米・デューク大学大学院で経済学を極め、社会に貢献!  

小川 正樹

経済学部4年 GCP2期生 

 4年間のほぼ全ての科目でトップの成績を獲得した小川さん。1年生後期、2年生前期には、GPA5.0というパーフェクトスコアをたたきだし、シュリーマン賞、ダ・ヴィンチ賞、成績優秀者、特待生も獲得。3年生では、オーストラリアの名門大学であるシドニー大学数学科に学び、現地の学生たちと共に、3年生・4年生の数学科目で、こちらでも各科目でHigh DistinctionやDistinctionという最優秀の成績を修め、シドニー大学の国際課では、創大生は優秀だとうわさになるほどに。
 創価大学ではGCP(グローバル・シティズンシップ・プログラム)に所属し、2012年に東京で開催された国際通貨基金(IMF)と世界銀行グループの年次総会では、ボランティアとして、各国の中央銀行総裁、財務・開発大臣、民間セクターの幹部、学界の代表が一同に会した大イベントで、通訳や案内を行う傍ら、講演会にも参加。常に3カ国語が飛び交い、世界経済の展望、国際金融の安定性、貧困削減、経済開発、援助効果といった世界的な問題が議論される空間の中で触発を受けました。シドニー大学での学びの中で、将来経済学者として、社会に、世界に貢献していきたいと決意。世界ランキング18位であるデューク大学の大学院経済学専攻に進学を決めました。夢に向けて突き進む小川さんに話を聞きました。

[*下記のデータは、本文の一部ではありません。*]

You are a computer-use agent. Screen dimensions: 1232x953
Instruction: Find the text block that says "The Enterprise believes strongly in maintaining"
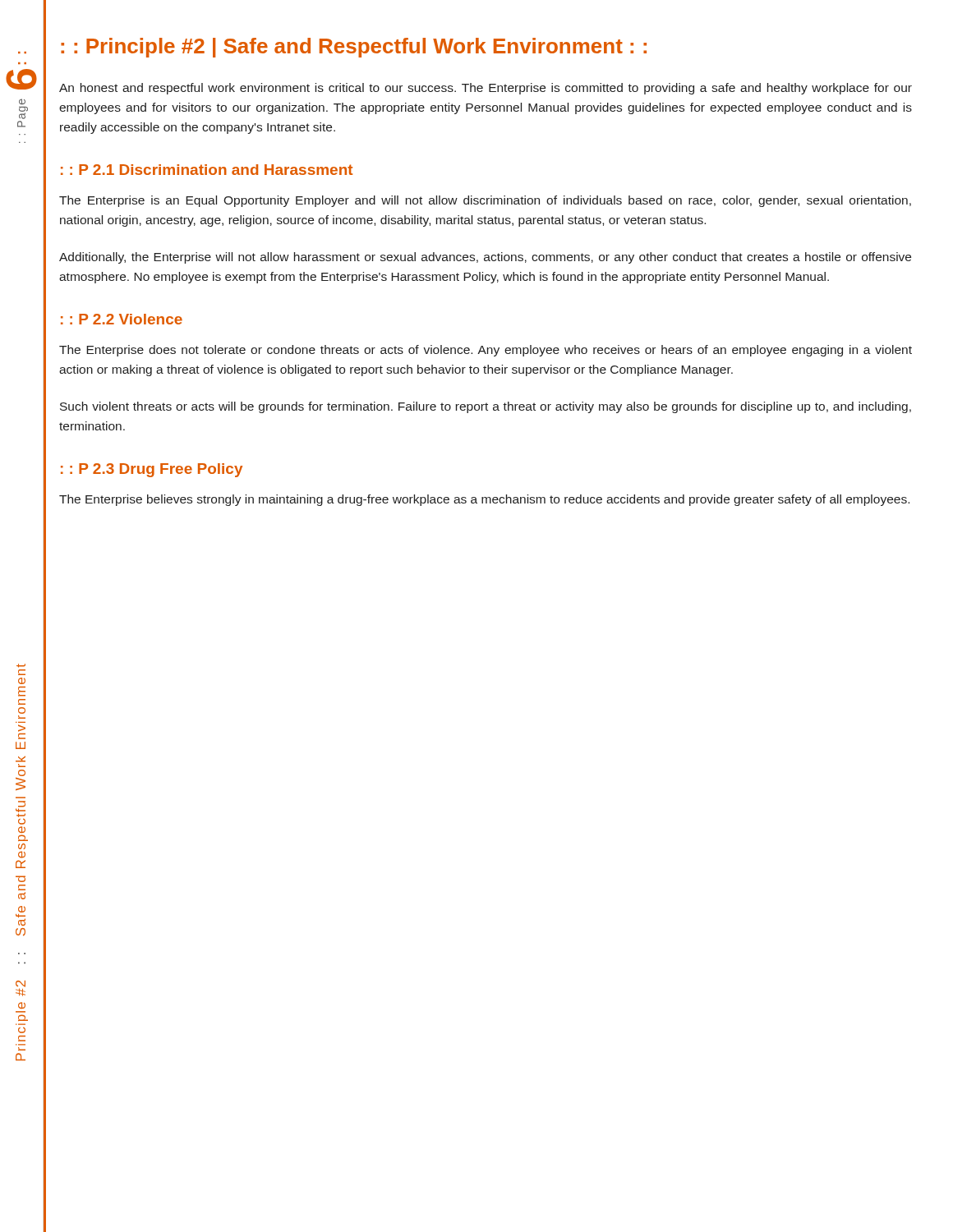(x=485, y=499)

GCP:「地球市民」を育成するための学部横断型プログラム。全ての授業が英語で行われ、読解力、ライティング能力、論理的思考力、ディスカッションやプレゼンテーションの技能などを磨く。全員が海外短期研修に参加。開発途上国で諸問題について英語で講義を受け、貧困地域の学校や施設を訪問し、理解を深める。データ分析など数学の科目も重視されています。

デューク大学大学院進学、おめでとうございます!

オーストラリアの絶景

オーストラリアの絶景
 ありがとうございます!創価大学で学んだお陰で自分のやりたいことを見つけることができました。高校時代から、英語が好きだったこと、これからの時代に英語は必要との思いがあったこと、そして留学へのあこがれもあり、GCPで学び留学をしようと決めて、創価大学に進学しました。アメリカ創価大学(SUA)という選択もありましたが、SUAは優秀な人が行くところだから、自分には無理だと思い、サッカー部で汗を流していました。今思うと、高校時代は自分に自信がなかったんですね。GCPに入ってからも、英語が話せず苦労して、でもその自分が英語が使えるようになり、英語を使って世界中に友情を築けるようになりました。高校卒業時のTOEICは500点で、現在は970点(TOEICの満点は990点)です。

GCPフィリピン研修にて

GCPフィリピン研修にて
 GCPに加え、一年生の夏休みなどは1日7時間コール教室で勉強し、友人たちと英語のスピーキングの練習をしました。語学に関しては、留学以上に、このキャンパスで力を付けたといっても過言ではないと思います。経済学部の授業も大変に興味深く、1年生の早い段階から、経済学を極めていきたいと思うようになりました。GCPでは、英語を使い、考える力、伝える力、分析する力を養うことができ、シドニー大学では言葉の壁に悩んだり、授業の進め方に戸惑うこともなく、現地の学生たちと机を並べ思う存分に学ぶことができました。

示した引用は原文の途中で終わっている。